Edit: Okay, I cleared up the image a little more. But here's what I found in a VFAQ article regarding part numbers.
"Turbo/exh man bolts - If you just want to remove the exhaust manifold or turbine housing for porting or other work, you should definitely remove the Turbo-to-exhaust manifold stud (#41) and replace it with a bolt (#22). It is a good idea to replace this stud with a bolt, as it makes removal of either easier in the future. If you get the MD132933 washers, make sure to get 2 per bolt, 8 total, as they are the 2G style, and are cupped to put pressure on the bolt and keep it from loosening. Install the washers with the dot facing the manifold for the bottom one, and the dot facing the bolt head for the top one (the dots go on the "outside", so the washers make a slight oval shape that is compressed when you tighten the bolt)."

MD132656 Bolts (90) {I don't know what the 90 means}
MD132933 Washers

Part numbers may have changed, so double-check with the dealership.
 
I would not remove the stud. In fact, I use four studs on mine. The bolts tend to back out over time. I bet when you go to remove the bolts they will all be loose, hence the reason you blew out your gasket in the first place. Yes, it will make things easier for a swap but the studs are better all around in my opinion. If the bolts are not cooperatiing, some PB Blaster added with a little heat works wonders. You have two coolant lines front and back which are banjo bolts, get new copper crush washers for those. Unhook your oil lines and remove your AC fan. This should be enough clearance to remove the turbo. While it's off, get that thing ported.LOL Good luck man!!:D
 
The reason I mentioned removing the stud is because he said he's going to be putting in an EvoIII 16g at some point in the near future and I thought having the stud out would make extracting the turbo later a good idea. He shouldn't have to totally remove the whole turbo just to change the gasket; it should be able to slip between the manifold and the turbo flange if he can lower the turbo a little bit and take out the stud at the same time. The bolts shouldn't back out if you use the stock 2g cup washers and torque them to about 40-45 ft/lbs, then re-tighten them when the manifold and bolts are hot. This has worked for other people who have had the bolts loosen themselves.

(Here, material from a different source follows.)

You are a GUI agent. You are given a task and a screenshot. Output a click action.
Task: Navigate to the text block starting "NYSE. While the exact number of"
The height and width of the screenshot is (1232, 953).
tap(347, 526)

He's also on the T25. Porting, while making for good experience, probably wouldn't be worth much, especially if he's going to upgrade to an Evo3 16g soon.

I'm pretty sure the stud and gasket can be replaced with the turbo still on the car, just dropped down a bit, which would make things a lot easier and less time-consuming, that's why I suggested that he try it without removing all the water lines and oil lines unless he absolutely has to.
 
Ah well went and ordered the gasket, the bolt, the 2 washers, and a dipstick,(its broken), came out to 25 bucks, gotta go pick it up tomorrow.
 
Ok got the stuff, and when I took out all four bolts on the turbo the gasket just slid right out, I can't find a stud anywhere? was it already removed or something? Also does the ridge on the inside of the gasket go up againest the manifold or the turbo?
 
Someone must have already replaced the stud with the bolt before you owned it. Nice surprise. I don't believe it makes a difference which side of the gasket is up and which is down, but I may be wrong.
 
Well got everything installed, and the car is running alot better, not only is the car not ticking, but it sounds better at idle, and just feels better all together :)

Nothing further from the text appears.